- [Aim of the task]: The output must match the lines from the first line of the listing below through the line holding "layer by layer" exactly and must contain no pictures.
┄┄┄┄┄┄┄┄┄┄
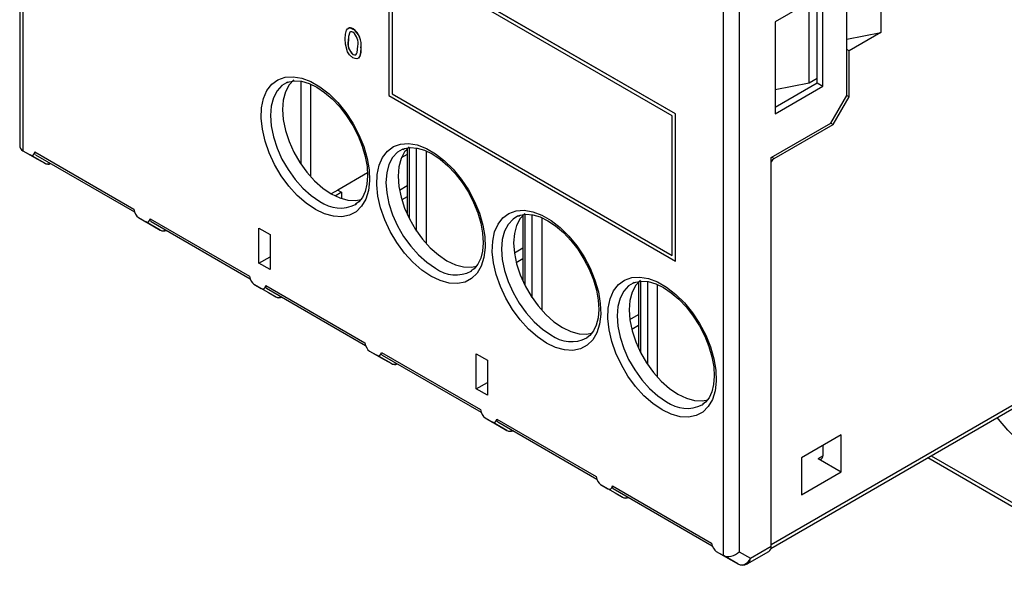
# Model space of a CAD drawing. Header units: millimetres. Extents: x 0 to 419, y 0 to 324.
# Tile 9 of 15: x 260 to 303, y 191 to 217. Entities that reach past the tile are written whole.
import ezdxf

# ---------------------------------------------------------------- set-up
doc = ezdxf.new("R2010")
doc.units = ezdxf.units.MM
doc.header["$LTSCALE"] = 1.5

msp = doc.modelspace()

# ---------------------------------------------------------------- linework, layer by layer
for p, q in [((290.971, 192.972), (290.971, 230.941)), ((291.678, 230.941), (291.678, 193.141)), ((259.712, 222.598), (259.712, 211.186)), ((259.858, 222.354), (259.858, 210.933)), ((288.843, 212.564), (276.115, 219.912)), ((276.115, 219.912), (276.115, 213.38)), ((288.85, 212.568), (276.122, 219.916)), ((288.701, 212.483), (276.256, 219.667)), ((276.256, 219.667), (276.256, 213.461)), ((276.263, 219.663), (276.263, 213.465)), ((296.451, 213.385), (296.451, 219.509)), ((297.972, 218.631), (297.972, 216.181)), ((295.391, 217.876), (293.269, 216.651)), ((295.391, 213.793), (295.391, 217.876)), ((295.143, 214.14), (295.143, 217.406)), ((294.79, 213.936), (294.79, 217.202)), ((293.269, 216.651), (293.269, 212.568)), ((274.386, 216.196), (274.371, 216.189)), ((274.371, 216.189), (274.378, 216.193)), ((274.518, 216.335), (274.525, 216.34)), ((296.451, 215.889), (297.972, 216.181)), ((297.972, 216.181), (296.557, 215.365)), ((274.308, 215.819), (274.315, 215.823)), ((274.518, 215.206), (274.525, 215.21)), ((274.867, 215.496), (274.874, 215.5)), ((296.557, 215.365), (296.451, 215.426)), ((296.557, 213.323), (296.557, 215.365)), ((271.602, 213.97), (271.562, 213.952)), ((272.212, 210.33), (272.212, 214.019)), ((293.269, 212.862), (295.137, 213.94)), ((294.79, 213.936), (293.269, 213.643)), ((295.143, 214.14), (294.79, 213.936)), ((295.137, 213.94), (295.137, 214.136)), ((295.137, 213.94), (295.391, 213.793)), ((272.636, 213.887), (272.636, 209.783)), ((276.256, 213.461), (276.263, 213.465)), ((276.256, 213.461), (288.701, 206.277)), ((276.263, 213.465), (288.701, 206.285)), ((293.269, 212.568), (295.391, 213.793)), ((276.115, 213.38), (288.843, 206.032)), ((295.744, 212.16), (296.451, 213.385)), ((295.85, 212.099), (296.557, 213.323)), ((296.451, 213.385), (296.557, 213.323)), ((288.701, 206.277), (288.701, 212.483)), ((288.843, 212.564), (288.85, 212.568)), ((288.843, 206.032), (288.843, 212.564)), ((288.85, 206.036), (288.85, 212.568)), ((293.093, 210.629), (295.744, 212.16)), ((295.744, 212.16), (295.85, 212.099)), ((293.234, 210.588), (295.85, 212.099)), ((259.858, 210.933), (260.177, 210.749)), ((259.858, 210.933), (260.503, 210.56)), ((260.38, 210.877), (264.782, 208.335)), ((276.735, 211.007), (276.696, 210.988)), ((276.932, 210.976), (276.836, 210.921)), ((276.932, 211.032), (276.932, 208.104)), ((277.02, 211.07), (277.02, 207.922)), ((277.345, 207.367), (277.345, 211.056)), ((277.77, 210.923), (277.77, 206.819)), ((260.822, 210.376), (260.177, 210.749)), ((260.412, 210.756), (264.813, 208.216)), ((260.503, 210.56), (260.822, 210.376)), ((276.932, 210.772), (276.666, 210.618)), ((293.093, 193.38), (293.093, 210.629)), ((293.128, 210.649), (293.234, 210.588)), ((275.161, 209.954), (273.838, 209.19)), ((273.838, 209.19), (273.546, 209.021)), ((274.015, 209.088), (273.73, 208.923)), ((273.838, 209.19), (274.015, 209.088)), ((274.015, 209.088), (274.015, 208.807)), ((276.583, 209.182), (276.932, 209.384)), ((276.932, 208.894), (276.687, 208.753)), ((274.635, 208.553), (274.667, 208.574)), ((264.985, 207.973), (265.31, 207.785)), ((264.985, 207.973), (265.63, 207.601)), ((265.955, 207.413), (265.31, 207.785)), ((265.513, 207.913), (269.916, 205.372)), ((265.546, 207.793), (269.947, 205.252)), ((281.869, 208.043), (281.829, 208.025)), ((282.066, 208.069), (282.066, 205.14)), ((282.154, 208.107), (282.154, 204.958)), ((282.479, 204.403), (282.479, 208.092)), ((282.903, 207.96), (282.903, 203.856)), ((265.63, 207.601), (265.955, 207.413)), ((270.338, 207.496), (270.833, 207.21)), ((270.338, 205.944), (270.338, 207.496)), ((270.833, 207.21), (270.833, 205.659)), ((281.686, 206.406), (282.066, 206.625)), ((270.338, 205.944), (270.833, 206.23)), ((282.066, 206.135), (281.772, 205.965)), ((288.843, 206.032), (288.85, 206.036)), ((270.833, 205.659), (270.338, 205.944)), ((279.768, 205.589), (279.8, 205.611)), ((287.287, 205.143), (287.287, 201.995)), ((270.119, 205.009), (270.444, 204.822)), ((270.119, 205.009), (270.764, 204.637)), ((271.089, 204.449), (270.444, 204.822)), ((270.647, 204.95), (275.049, 202.408)), ((270.68, 204.829), (275.08, 202.289)), ((287.002, 205.079), (286.963, 205.061)), ((287.199, 205.105), (287.199, 202.177)), ((287.612, 201.44), (287.612, 205.128)), ((288.037, 204.996), (288.037, 200.892)), ((270.764, 204.637), (271.089, 204.449)), ((286.82, 203.442), (287.199, 203.661)), ((293.093, 193.461), (310.346, 203.422)), ((287.199, 203.171), (286.906, 203.002)), ((293.082, 193.286), (310.242, 203.193)), ((284.902, 202.626), (284.934, 202.647)), ((275.252, 202.046), (275.577, 201.858)), ((275.252, 202.046), (275.897, 201.673)), ((276.222, 201.486), (275.577, 201.858)), ((275.78, 201.986), (280.183, 199.444)), ((275.813, 201.866), (280.214, 199.325)), ((275.897, 201.673), (276.222, 201.486)), ((279.997, 201.92), (280.492, 201.634)), ((279.997, 200.368), (279.997, 201.92)), ((280.492, 201.634), (280.492, 200.083)), ((279.997, 200.368), (280.492, 200.654)), ((280.492, 200.083), (279.997, 200.368)), ((290.035, 199.662), (290.068, 199.683)), ((280.386, 199.082), (280.711, 198.895)), ((280.386, 199.082), (281.031, 198.71)), ((280.914, 199.022), (285.317, 196.481)), ((281.356, 198.522), (280.711, 198.895)), ((280.947, 198.902), (285.347, 196.362)), ((281.031, 198.71), (281.356, 198.522)), ((296.204, 198.32), (294.436, 197.299)), ((296.204, 196.687), (296.204, 198.32)), ((295.391, 197.85), (295.391, 197.401)), ((294.436, 197.299), (294.436, 195.666)), ((295.178, 197.278), (295.391, 197.401)), ((295.178, 197.278), (296.204, 196.687)), ((300.057, 197.313), (310.252, 191.428)), ((300.204, 197.397), (310.148, 191.657)), ((294.436, 195.666), (296.204, 196.687)), ((285.519, 196.119), (285.845, 195.931)), ((285.519, 196.119), (286.164, 195.746)), ((286.048, 196.059), (290.45, 193.517)), ((286.49, 195.559), (285.845, 195.931)), ((286.08, 195.938), (290.481, 193.398)), ((286.164, 195.746), (286.49, 195.559)), ((292.178, 192.852), (293.093, 193.38)), ((290.653, 193.155), (290.971, 192.972)), ((290.653, 193.155), (291.298, 192.783)), ((291.616, 192.599), (290.971, 192.972)), ((291.678, 193.141), (292.178, 192.852)), ((292.033, 192.599), (292.989, 193.151)), ((291.298, 192.783), (291.616, 192.599))]:
    msp.add_line(p, q)
at = {"flags": 128}
for points in [[(274.169, 215.899), (274.18, 216.106), (274.227, 216.285), (274.274, 216.349), (274.342, 216.383), (274.426, 216.376), (274.518, 216.335)], [(274.371, 216.189), (274.316, 215.998), (274.308, 215.819)], [(274.378, 216.193), (274.323, 216.002), (274.315, 215.823)], [(274.275, 215.323), (274.183, 215.655), (274.169, 215.899)], [(274.518, 215.061), (274.369, 215.183), (274.275, 215.323)], [(274.518, 215.206), (274.583, 215.183), (274.638, 215.193), (274.679, 215.229), (274.702, 215.287), (274.727, 215.577)], [(274.867, 215.496), (274.856, 215.29), (274.809, 215.111), (274.762, 215.047), (274.694, 215.014), (274.609, 215.02), (274.518, 215.061)], [(274.525, 215.21), (274.59, 215.187), (274.645, 215.197), (274.67, 215.219)], [(274.874, 215.5), (274.863, 215.294), (274.816, 215.115), (274.769, 215.051), (274.767, 215.05)], [(272.848, 208.327), (272.441, 208.602), (272.045, 208.949), (271.673, 209.359), (271.335, 209.818), (271.039, 210.315), (270.796, 210.835), (270.613, 211.362), (270.493, 211.883), (270.441, 212.381), (270.458, 212.842), (270.544, 213.254), (270.697, 213.604), (270.911, 213.882), (271.181, 214.08), (271.499, 214.193), (271.856, 214.217), (272.241, 214.152), (272.644, 213.999), (273.052, 213.763), (273.455, 213.451), (273.84, 213.072), (274.197, 212.635), (274.515, 212.155), (274.785, 211.645), (274.999, 211.12), (275.152, 210.594), (275.238, 210.083), (275.255, 209.602), (275.203, 209.164), (275.084, 208.781), (274.9, 208.466), (274.657, 208.227), (274.362, 208.071), (274.023, 208.002), (273.651, 208.023), (273.255, 208.132), (272.848, 208.327)], [(271.562, 213.952), (271.364, 213.827), (271.144, 213.592), (270.982, 213.284), (270.883, 212.914), (270.85, 212.493), (270.883, 212.033), (270.982, 211.548), (271.144, 211.054), (271.364, 210.565), (271.635, 210.096), (271.948, 209.661), (272.296, 209.274), (272.666, 208.945), (273.047, 208.687)], [(271.887, 214.077), (271.679, 213.851), (271.519, 213.548), (271.422, 213.184), (271.389, 212.768), (271.422, 212.315), (271.519, 211.837), (271.679, 211.35), (271.896, 210.867), (272.163, 210.405), (272.472, 209.976), (272.814, 209.594), (273.179, 209.271), (273.555, 209.016), (273.931, 208.837), (274.296, 208.739), (274.638, 208.726), (274.885, 208.775)], [(271.599, 213.959), (271.678, 213.998), (271.929, 214.041), (272.237, 214.017), (272.565, 213.921), (272.907, 213.756), (273.255, 213.523), (273.599, 213.229), (273.929, 212.88), (274.236, 212.485), (274.51, 212.055), (274.744, 211.601), (274.93, 211.137), (275.065, 210.676), (275.145, 210.232), (275.169, 209.817), (275.14, 209.444), (275.06, 209.123), (274.936, 208.862), (274.774, 208.661), (274.637, 208.564)], [(260.414, 210.759), (260.386, 210.78), (260.373, 210.819), (260.38, 210.877)], [(277.982, 205.364), (277.574, 205.639), (277.179, 205.986), (276.807, 206.395), (276.468, 206.855), (276.173, 207.352), (275.93, 207.871), (275.746, 208.399), (275.626, 208.919), (275.575, 209.417), (275.592, 209.879), (275.678, 210.29), (275.83, 210.64), (276.045, 210.918), (276.315, 211.117), (276.633, 211.23), (276.989, 211.254), (277.375, 211.189), (277.777, 211.036), (278.186, 210.8), (278.589, 210.488), (278.974, 210.108), (279.331, 209.672), (279.649, 209.192), (279.919, 208.682), (280.133, 208.156), (280.285, 207.631), (280.371, 207.12), (280.389, 206.638), (280.337, 206.2), (280.217, 205.818), (280.033, 205.503), (279.79, 205.264), (279.495, 205.107), (279.157, 205.039), (278.784, 205.059), (278.389, 205.169), (277.982, 205.364)], [(276.696, 210.988), (276.497, 210.864), (276.278, 210.628), (276.116, 210.321), (276.017, 209.951), (275.983, 209.529), (276.017, 209.069), (276.116, 208.585), (276.278, 208.091), (276.497, 207.601), (276.768, 207.132), (277.082, 206.697), (277.429, 206.31), (277.799, 205.982), (278.181, 205.723)], [(277.021, 211.113), (276.813, 210.888), (276.653, 210.585), (276.555, 210.22), (276.522, 209.805), (276.555, 209.351), (276.653, 208.874), (276.813, 208.386), (277.029, 207.904), (277.296, 207.441), (277.606, 207.013), (277.948, 206.631), (278.313, 206.307), (278.689, 206.052), (279.065, 205.873), (279.43, 205.775), (279.772, 205.762), (280.019, 205.811)], [(276.732, 210.995), (276.812, 211.034), (277.062, 211.077), (277.371, 211.054), (277.699, 210.958), (278.041, 210.792), (278.389, 210.56), (278.733, 210.266), (279.063, 209.917), (279.369, 209.522), (279.644, 209.091), (279.877, 208.638), (280.064, 208.174), (280.199, 207.712), (280.279, 207.268), (280.303, 206.853), (280.273, 206.481), (280.193, 206.16), (280.07, 205.898), (279.908, 205.697), (279.771, 205.601)], [(283.115, 202.4), (282.708, 202.675), (282.313, 203.022), (281.94, 203.432), (281.602, 203.891), (281.307, 204.388), (281.064, 204.908), (280.88, 205.435), (280.76, 205.956), (280.708, 206.454), (280.725, 206.915), (280.812, 207.327), (280.964, 207.677), (281.178, 207.955), (281.448, 208.153), (281.766, 208.266), (282.123, 208.29), (282.508, 208.225), (282.911, 208.072), (283.32, 207.836), (283.722, 207.524), (284.108, 207.144), (284.464, 206.708), (284.782, 206.228), (285.052, 205.718), (285.267, 205.193), (285.419, 204.667), (285.505, 204.156), (285.522, 203.674), (285.47, 203.236), (285.351, 202.854), (285.167, 202.539), (284.924, 202.3), (284.629, 202.144), (284.29, 202.075), (283.918, 202.096), (283.522, 202.205), (283.115, 202.4)], [(265.548, 207.795), (265.519, 207.816), (265.507, 207.855), (265.513, 207.913)], [(281.829, 208.025), (281.631, 207.9), (281.411, 207.665), (281.249, 207.357), (281.15, 206.987), (281.117, 206.566), (281.15, 206.106), (281.249, 205.621), (281.411, 205.127), (281.631, 204.638), (281.902, 204.169), (282.216, 203.734), (282.563, 203.346), (282.933, 203.018), (283.314, 202.76)], [(282.154, 208.15), (281.946, 207.924), (281.787, 207.621), (281.689, 207.256), (281.656, 206.841), (281.689, 206.388), (281.787, 205.91), (281.946, 205.423), (282.163, 204.94), (282.43, 204.478), (282.739, 204.049), (283.081, 203.667), (283.446, 203.344), (283.822, 203.089), (284.199, 202.909), (284.563, 202.812), (284.906, 202.798), (285.152, 202.848)], [(281.866, 208.032), (281.945, 208.071), (282.196, 208.114), (282.504, 208.09), (282.833, 207.994), (283.174, 207.829), (283.522, 207.596), (283.866, 207.302), (284.196, 206.953), (284.503, 206.558), (284.777, 206.128), (285.011, 205.674), (285.198, 205.21), (285.332, 204.749), (285.412, 204.304), (285.437, 203.89), (285.407, 203.517), (285.327, 203.196), (285.204, 202.935), (285.041, 202.734), (284.904, 202.637)], [(288.249, 199.436), (287.842, 199.712), (287.446, 200.059), (287.074, 200.468), (286.735, 200.928), (286.44, 201.425), (286.197, 201.944), (286.013, 202.472), (285.894, 202.992), (285.842, 203.49), (285.859, 203.952), (285.945, 204.363), (286.098, 204.713), (286.312, 204.991), (286.582, 205.19), (286.9, 205.302), (287.256, 205.327), (287.642, 205.261), (288.045, 205.109), (288.453, 204.873), (288.856, 204.56), (289.241, 204.181), (289.598, 203.745), (289.916, 203.265), (290.186, 202.755), (290.4, 202.229), (290.552, 201.703), (290.639, 201.192), (290.656, 200.711), (290.604, 200.273), (290.484, 199.891), (290.3, 199.576), (290.057, 199.336), (289.762, 199.18), (289.424, 199.111), (289.051, 199.132), (288.656, 199.241), (288.249, 199.436)], [(287.288, 205.186), (287.08, 204.961), (286.92, 204.658), (286.822, 204.293), (286.789, 203.877), (286.822, 203.424), (286.92, 202.946), (287.08, 202.459), (287.296, 201.977), (287.563, 201.514), (287.873, 201.086), (288.215, 200.704), (288.58, 200.38), (288.956, 200.125), (289.332, 199.946), (289.697, 199.848), (290.039, 199.835), (290.286, 199.884)], [(286.999, 205.068), (287.079, 205.107), (287.329, 205.15), (287.638, 205.127), (287.966, 205.031), (288.308, 204.865), (288.656, 204.633), (289, 204.339), (289.33, 203.99), (289.637, 203.595), (289.911, 203.164), (290.145, 202.711), (290.331, 202.246), (290.466, 201.785), (290.546, 201.341), (290.57, 200.926), (290.54, 200.553), (290.461, 200.233), (290.337, 199.971), (290.175, 199.77), (290.038, 199.674)], [(270.681, 204.832), (270.653, 204.852), (270.641, 204.892), (270.647, 204.95)], [(286.963, 205.061), (286.765, 204.937), (286.545, 204.701), (286.383, 204.394), (286.284, 204.024), (286.25, 203.602), (286.284, 203.142), (286.383, 202.658), (286.545, 202.163), (286.765, 201.674), (287.035, 201.205), (287.349, 200.77), (287.696, 200.383), (288.066, 200.055), (288.448, 199.796)], [(275.815, 201.868), (275.787, 201.889), (275.774, 201.928), (275.78, 201.986)], [(307.565, 201.647), (307.659, 201.412), (307.858, 200.808), (307.992, 200.213), (308.06, 199.64), (308.06, 199.1), (307.992, 198.605), (307.858, 198.165), (307.659, 197.791), (307.401, 197.49), (307.089, 197.268), (306.73, 197.13), (306.33, 197.079), (305.9, 197.116), (305.448, 197.241), (304.983, 197.45), (304.516, 197.739), (304.056, 198.103), (303.613, 198.533), (303.197, 199.02), (303.141, 199.093)], [(280.948, 198.905), (280.92, 198.925), (280.908, 198.965), (280.914, 199.022)], [(286.082, 195.941), (286.054, 195.962), (286.041, 196.001), (286.048, 196.059)]]:
    msp.add_lwpolyline(points, dxfattribs=at)
for centre, radius, start, end in [((274.394, 216.186), 0.201, 49.5307, 123.6784), ((274.45, 216.117), 0.0995, 48.5024, 117.574), ((274.139, 215.718), 0.605, 346.5265, 51.4238), ((274.027, 215.639), 0.853, 350.3744, 54.8102), ((274.034, 215.643), 0.853, 350.3744, 54.8102), ((274.899, 215.679), 0.607, 166.6479, 231.0976), ((274.906, 215.683), 0.607, 166.6479, 231.0976), ((293.46, 210.225), 0.428, 121.8793, 149.1635), ((260.931, 210.584), 0.235, 242.1153, 302.0059), ((260.972, 210.636), 0.3, 240.0027, 294.1688), ((273.948, 209.895), 1.508, 233.2962, 297.0805), ((266.065, 207.62), 0.235, 242.1153, 302.0059), ((266.105, 207.673), 0.3, 240.0027, 294.1688), ((279.082, 206.932), 1.508, 233.2962, 297.0805), ((271.199, 204.657), 0.235, 242.1153, 302.0059), ((271.239, 204.709), 0.3, 240.0027, 294.1688), ((284.215, 203.968), 1.508, 233.2962, 297.0805), ((276.332, 201.693), 0.235, 242.1153, 302.0059), ((276.372, 201.745), 0.3, 240.0027, 294.1688), ((289.349, 201.005), 1.508, 233.2962, 297.0805), ((281.466, 198.73), 0.235, 242.1153, 302.0059), ((281.506, 198.782), 0.3, 240.0027, 294.1688), ((295.261, 197.38), 0.131, 230.7967, 9.214), ((286.599, 195.766), 0.235, 242.1153, 302.0059), ((286.64, 195.818), 0.3, 240.0027, 294.1688), ((292.855, 193.349), 0.24, 304.0564, 7.2558), ((291.819, 192.927), 0.386, 238.2303, 303.4192)]:
    msp.add_arc(centre, radius, start, end)
for centre, major_axis, ratio, start_param, end_param in [((260.212, 211.306), (0.462, 0.267), 0.7174, 2.748951, 3.534349), ((260.177, 211.095), (-0.098, 0.364), 0.517638, 2.664011, 3.937556), ((264.985, 208.319), (-0.098, 0.364), 0.517638, 1.390466, 2.664011), ((265.31, 208.132), (-0.098, 0.364), 0.517638, 2.664011, 3.937556), ((270.119, 205.356), (-0.098, 0.364), 0.517638, 1.390466, 2.664011), ((270.444, 205.168), (-0.098, 0.364), 0.517638, 2.664011, 3.937556), ((275.252, 202.392), (-0.098, 0.364), 0.517638, 1.390466, 2.664011), ((275.577, 202.205), (-0.098, 0.364), 0.517638, 2.664011, 3.937556), ((280.386, 199.429), (-0.098, 0.364), 0.517638, 1.390466, 2.664011), ((280.711, 199.241), (-0.098, 0.364), 0.517638, 2.664011, 3.937556), ((285.519, 196.465), (-0.098, 0.364), 0.517638, 1.390466, 2.664011), ((285.845, 196.277), (-0.098, 0.364), 0.517638, 2.664011, 3.937556), ((290.653, 193.502), (-0.098, 0.364), 0.517638, 1.390466, 2.664011), ((291.325, 193.345), (0.462, 0.267), 0.7174, 3.534349, 5.105146), ((291.825, 193.056), (0.129, 0.49), 0.795699, 2.92775, 4.498546), ((291.825, 193.056), (-0.174, 0.473), 0.6621, 3.257856, 4.040829)]:
    msp.add_ellipse(centre, major_axis=major_axis, ratio=ratio, start_param=start_param, end_param=end_param)

doc.saveas('drawing.dxf')
┄┄┄┄┄┄┄┄┄┄
- [Finished exercise]:
# Model space of a CAD drawing. Header units: millimetres. Extents: x 0 to 419, y 0 to 324.
# Tile 9 of 15: x 260 to 303, y 191 to 217. Entities that reach past the tile are written whole.
import ezdxf

# ---------------------------------------------------------------- set-up
doc = ezdxf.new("R2010")
doc.units = ezdxf.units.MM
doc.header["$LTSCALE"] = 1.5

msp = doc.modelspace()

# ---------------------------------------------------------------- linework, layer by layer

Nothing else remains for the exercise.